Creative Commons Licence Vladimir Cagnolari

Dans la capitale du Burkina Faso, Ouagadougou, le Ouagalab est un repaire de jeunes inventeurs qui misent sur les technologies informatiques pour trouver par eux-mêmes des solutions aux problèmes de leurs concitoyens. L’association mise aussi sur l’éducation des plus jeunes, en leur permettant de s’approprier dès l’enfance la technologie, au service du développement personnel et collectif.

Quelques engins insolites, posés à même la terre battue, évoquent une exposition d’art contemporain. Non, nous ne sommes pas au palais de Tokyo, mais bien au cœur de Kalgodin, un quartier de Ouagadougou, la capitale du Burkina Faso. C’est là, dans une cour ceinturée de parpaings abritant une maison de terre crue et un hangar sommaire, que s’entassent ces prototypes. Aussi bizarres qu’ils paraissent, tous sont prêts à l’usage, prompts à faciliter le quotidien des populations.
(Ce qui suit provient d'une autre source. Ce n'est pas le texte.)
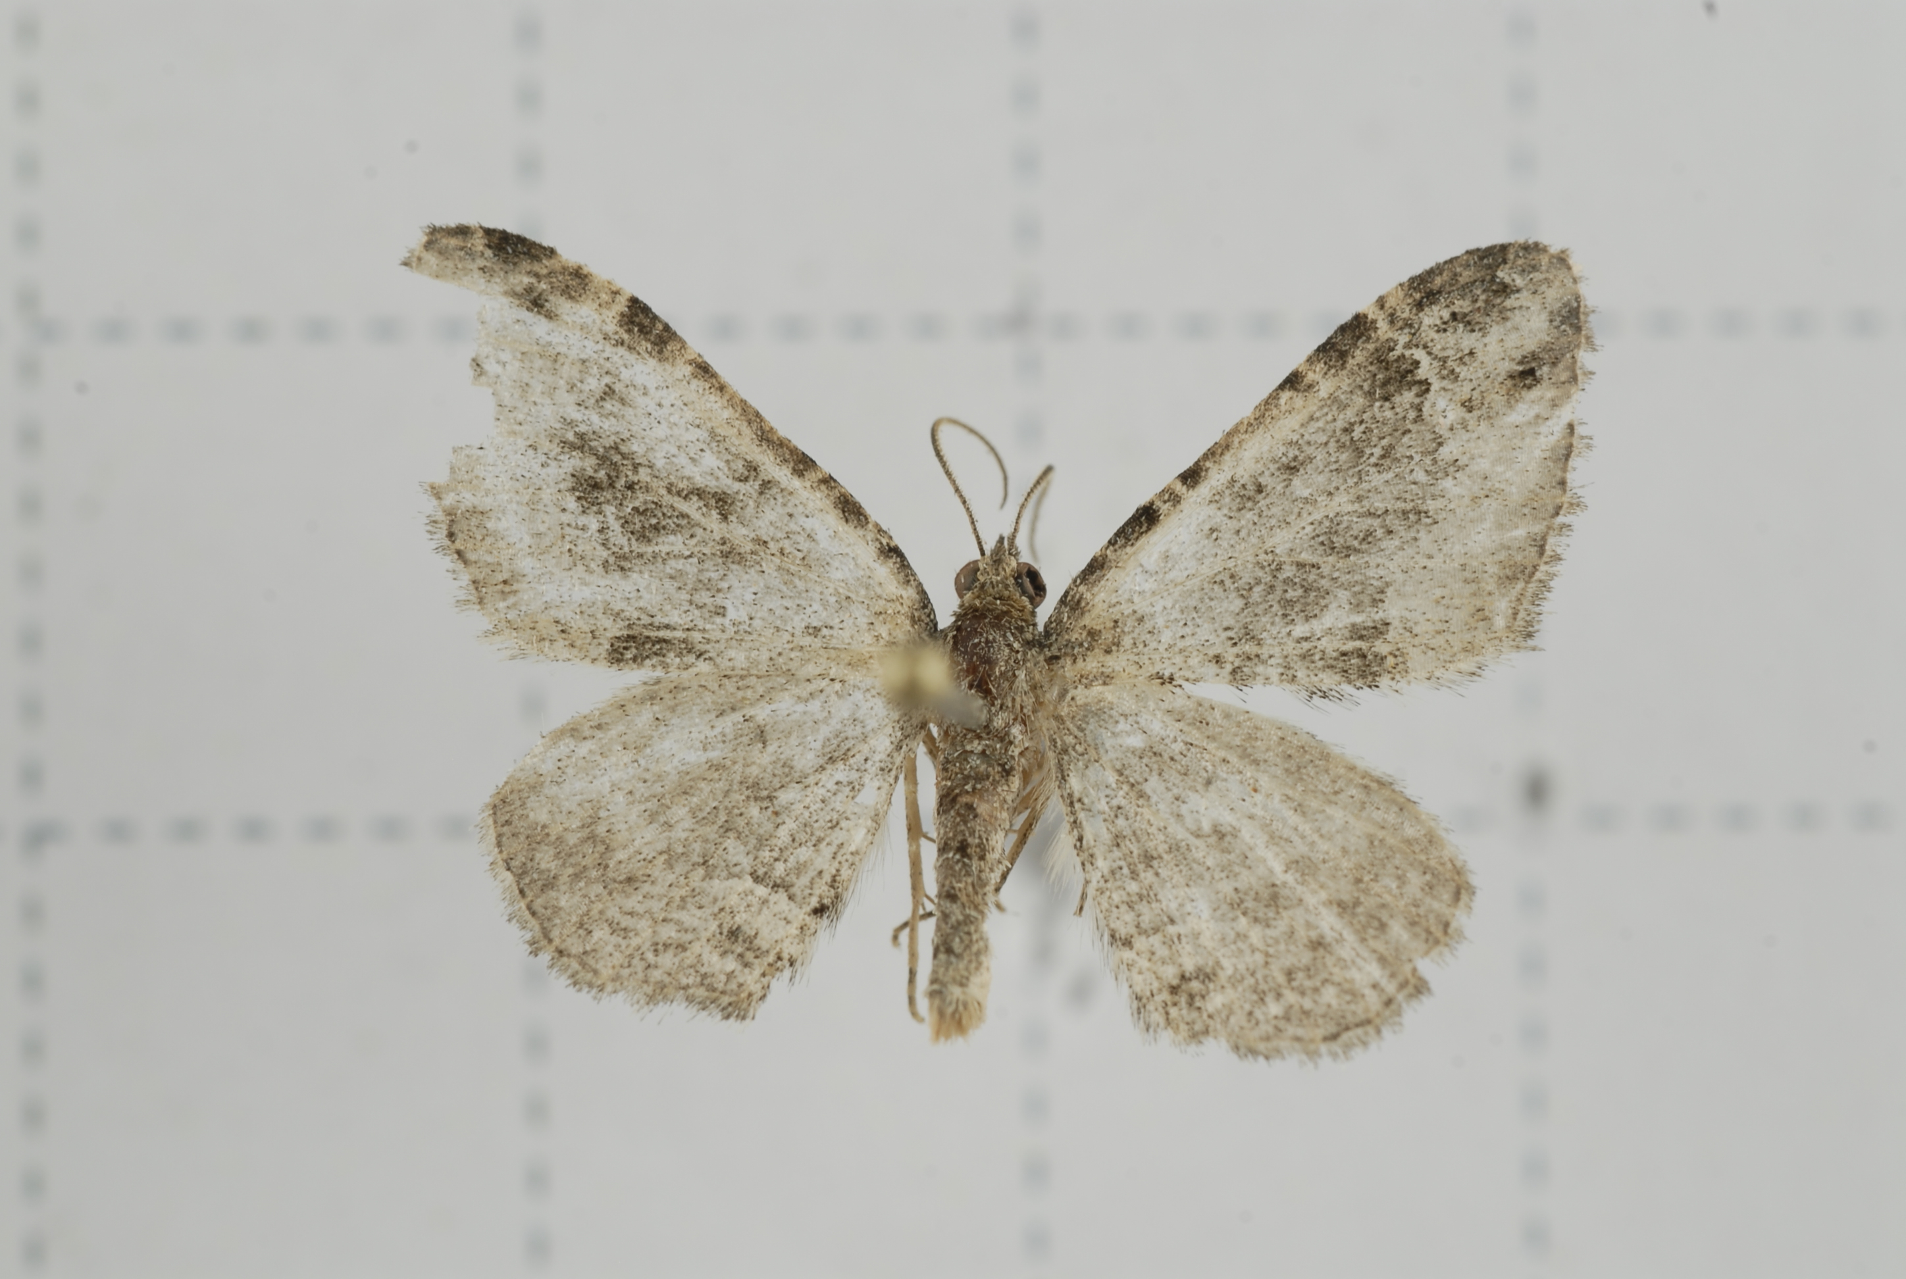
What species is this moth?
Xanthorhoe saturata
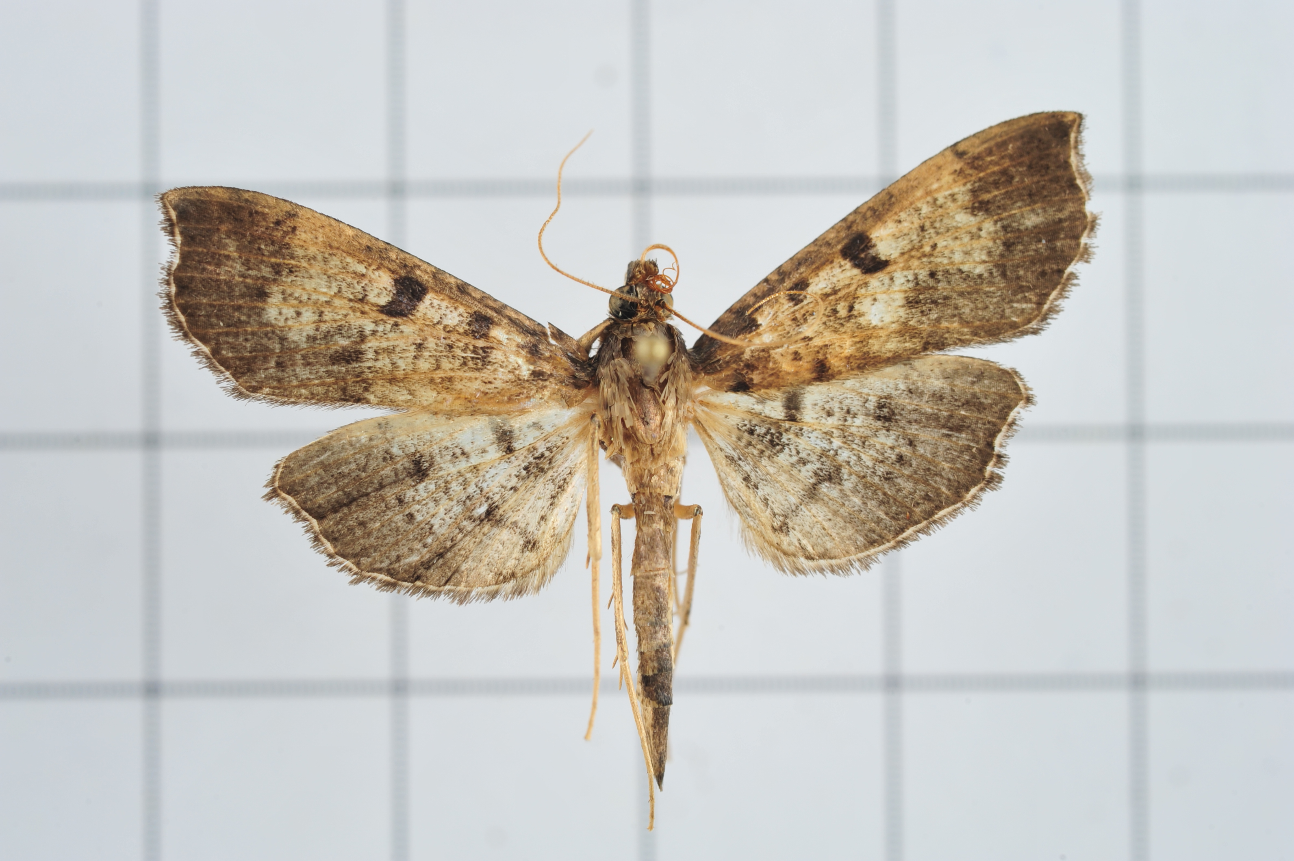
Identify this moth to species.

Comme ce système de séchage des grains, qui protège les récoltes de la poussière et des animaux, et contrôle leur hygrométrie. Il a été développé spécialement pour les besoins des agriculteurs locaux, qui depuis toujours font sécher leur production en plein air, sur une bâche, sans cesse menacée par les poules ou les chèvres gourmandes, ou encore les intempéries, causant des pertes parfois considérables. Quant à cette éolienne fabriquée avec le moyeu avant d’une moto, elle s’avère capable de produire juste assez de courant pour faire briller une lampe dans une case de brousse. C’est peut-être un détail pour beaucoup, mais ici cela apporte l’essentiel dans un continent que l’on sait encore trop souvent plongé dans la nuit.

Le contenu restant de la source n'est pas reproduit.